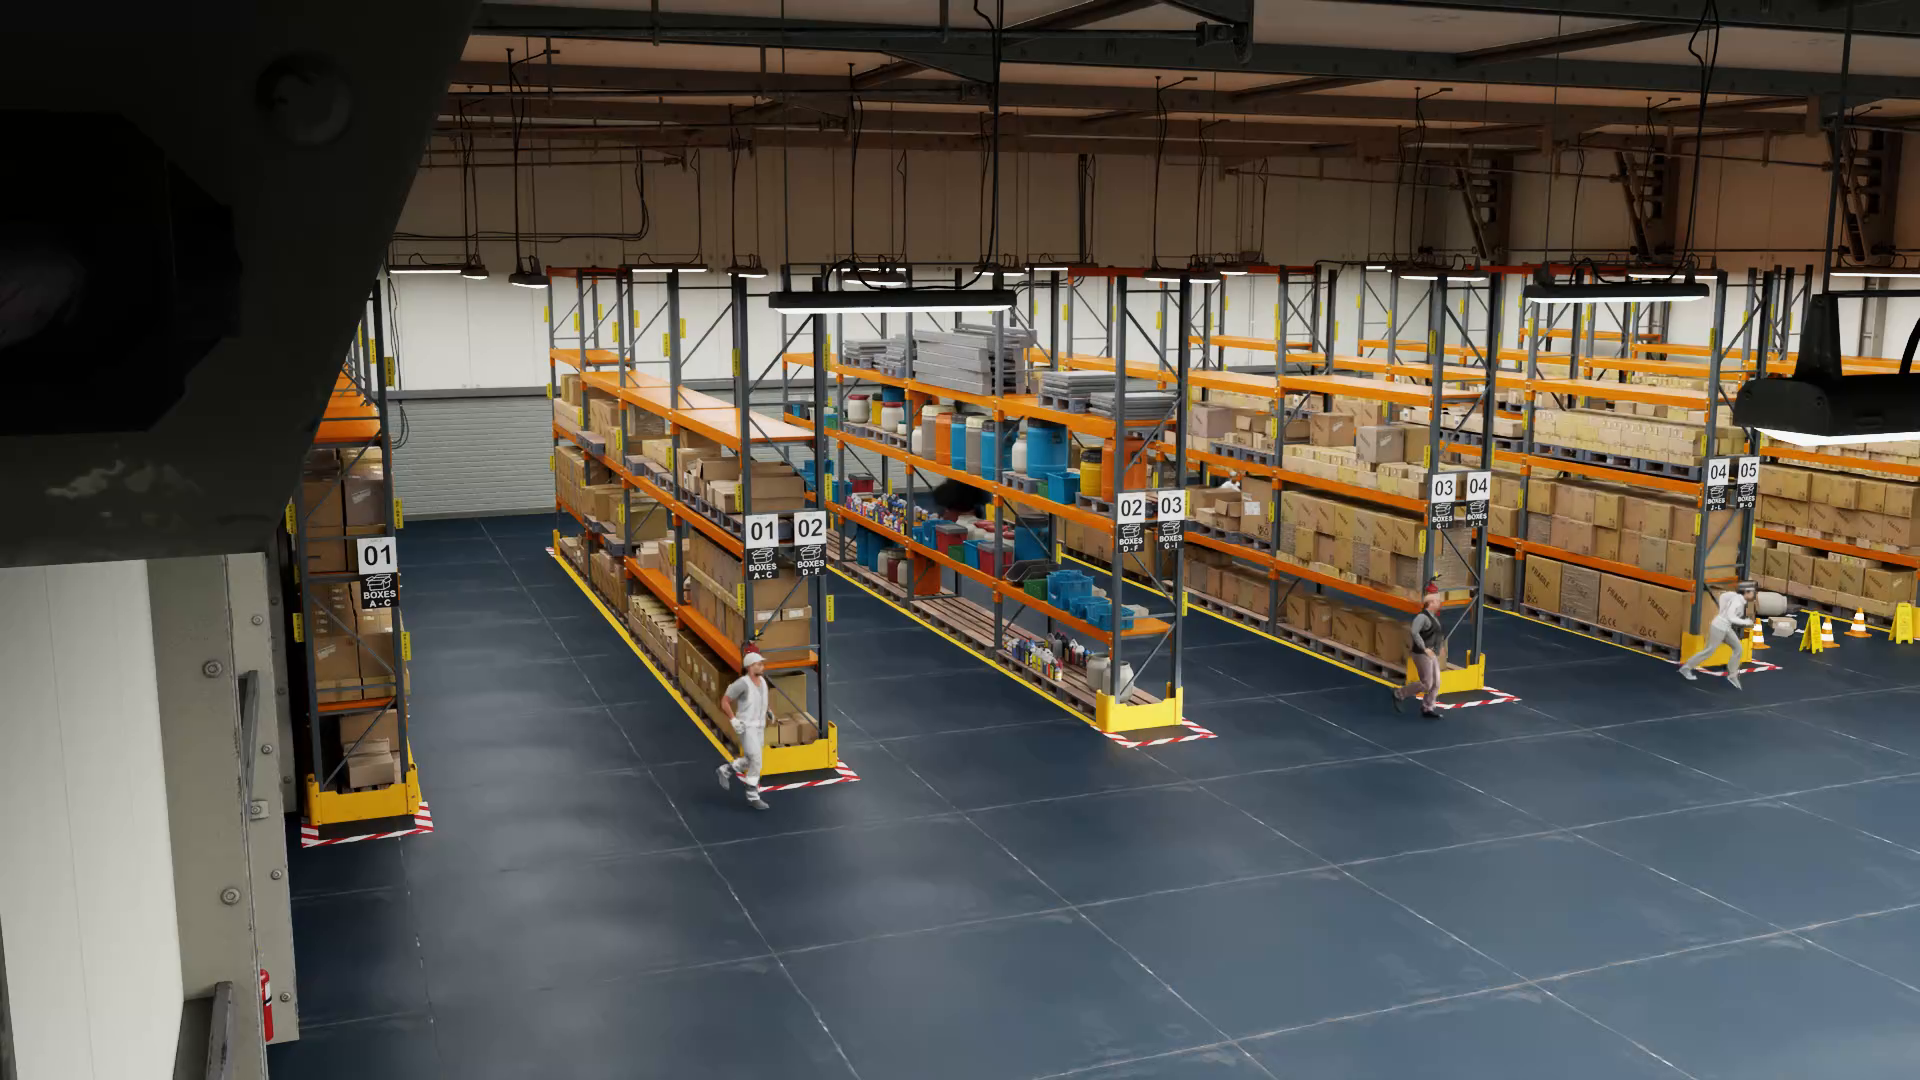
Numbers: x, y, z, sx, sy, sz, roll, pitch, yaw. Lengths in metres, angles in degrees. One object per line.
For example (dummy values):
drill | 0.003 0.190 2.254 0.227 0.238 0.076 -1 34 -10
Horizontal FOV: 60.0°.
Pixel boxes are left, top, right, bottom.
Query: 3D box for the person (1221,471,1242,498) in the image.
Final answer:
person | 5.861 -0.697 35.971 0.595 1.622 0.560 -5 11 -25

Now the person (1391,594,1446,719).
person | 6.371 1.573 22.825 0.710 1.683 0.731 6 12 32

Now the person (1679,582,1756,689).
person | 11.094 1.376 24.375 0.952 1.621 0.655 5 11 25

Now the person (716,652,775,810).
person | -2.454 2.168 19.252 0.825 1.754 0.710 6 11 30
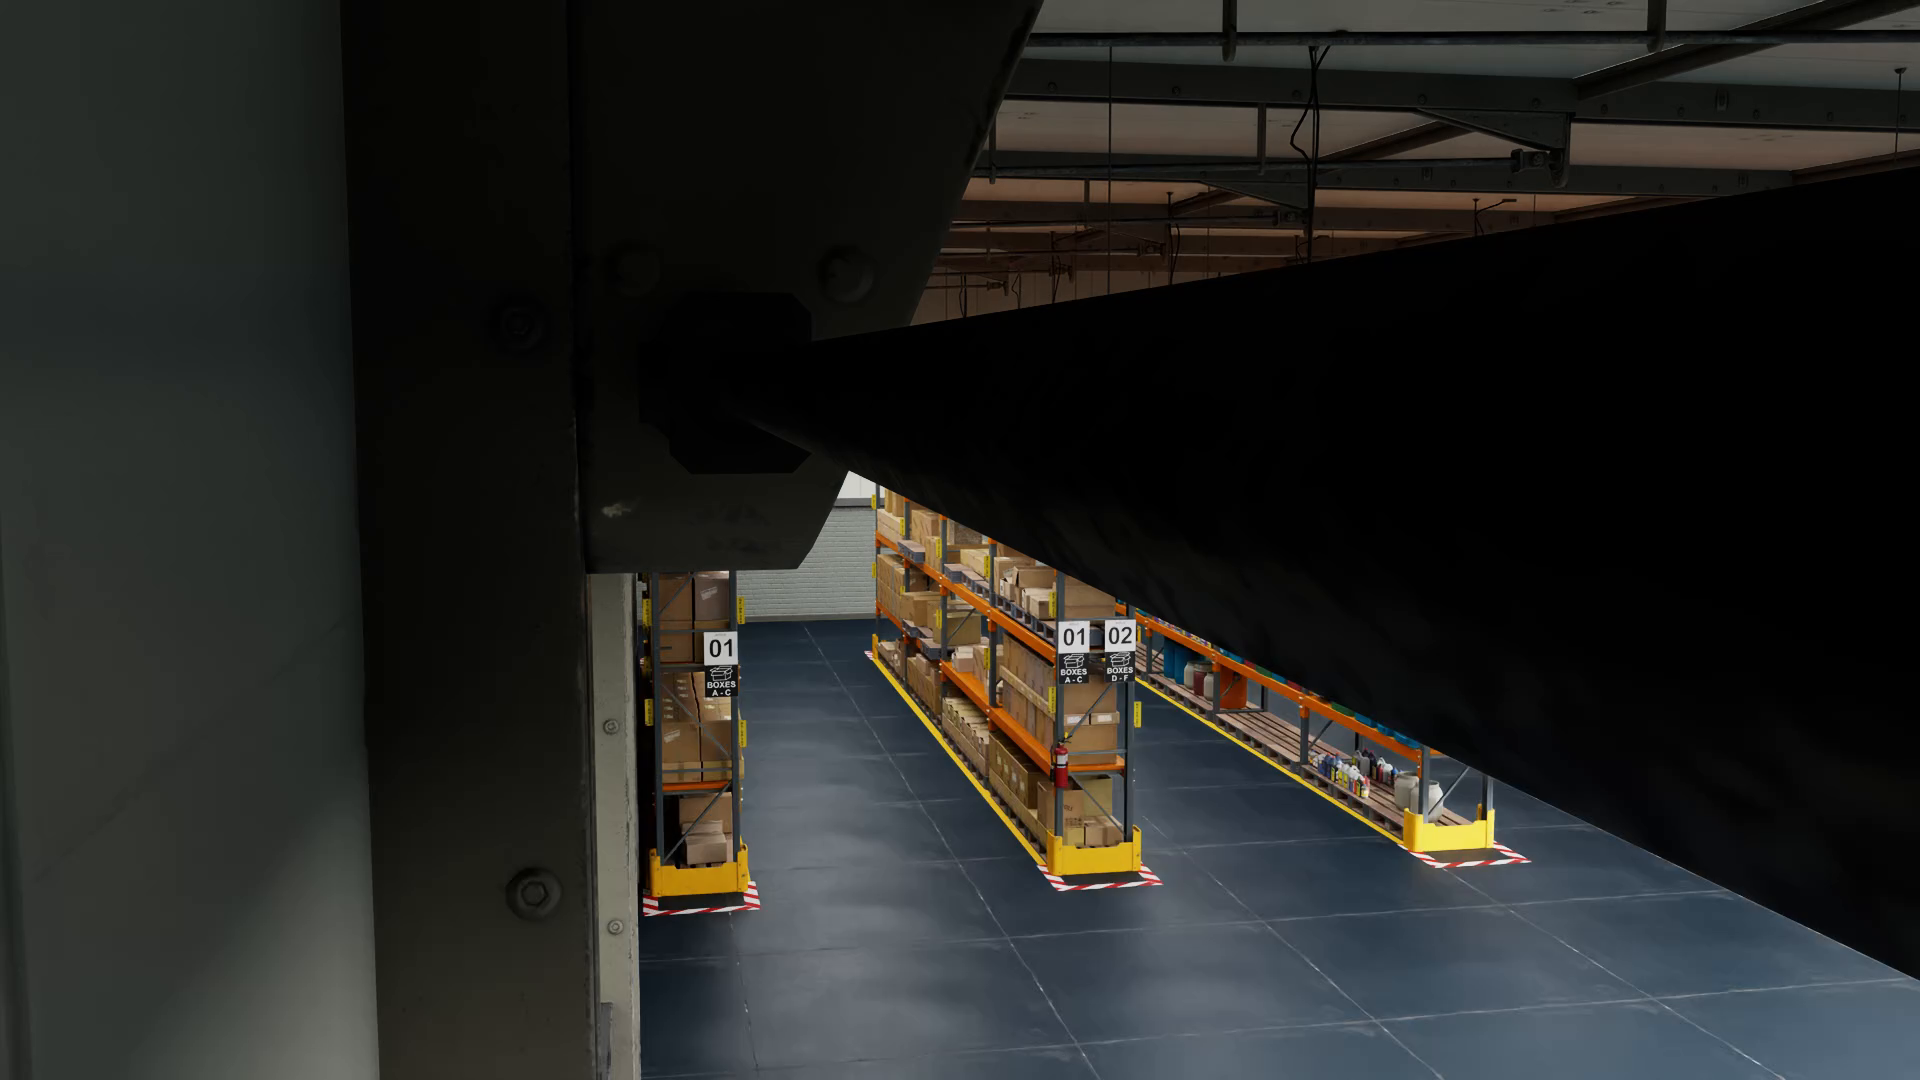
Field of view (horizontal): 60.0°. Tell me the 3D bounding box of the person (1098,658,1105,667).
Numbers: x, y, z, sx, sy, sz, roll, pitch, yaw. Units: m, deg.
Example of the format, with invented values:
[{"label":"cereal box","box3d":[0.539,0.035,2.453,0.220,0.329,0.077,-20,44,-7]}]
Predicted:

=======

#### [Work instruction]
Output the records above exactly as written, but leave out the pictures.

#### [Solution to the problem]
Numbers: x, y, z, sx, sy, sz, roll, pitch, yaw. Lengths in metres, angles in degrees. One object per line.
For example (dummy values):
drill | 0.003 0.190 2.254 0.227 0.238 0.076 -1 34 -10
Horizontal FOV: 60.0°.
Pixel boxes are left, top, right, bottom.
Query: 3D box for the person (1221,471,1242,498) in the image.
Final answer:
person | 5.861 -0.697 35.971 0.595 1.622 0.560 -5 11 -25

Now the person (1391,594,1446,719).
person | 6.371 1.573 22.825 0.710 1.683 0.731 6 12 32

Now the person (1679,582,1756,689).
person | 11.094 1.376 24.375 0.952 1.621 0.655 5 11 25

Now the person (716,652,775,810).
person | -2.454 2.168 19.252 0.825 1.754 0.710 6 11 30
Field of view (horizontal): 60.0°. Tell me the 3D bounding box of the person (1098,658,1105,667).
Numbers: x, y, z, sx, sy, sz, roll, pitch, yaw. Units: m, deg.
Example of the format, with invented values:
[{"label":"cereal box","box3d":[0.539,0.035,2.453,0.220,0.329,0.077,-20,44,-7]}]
Predicted:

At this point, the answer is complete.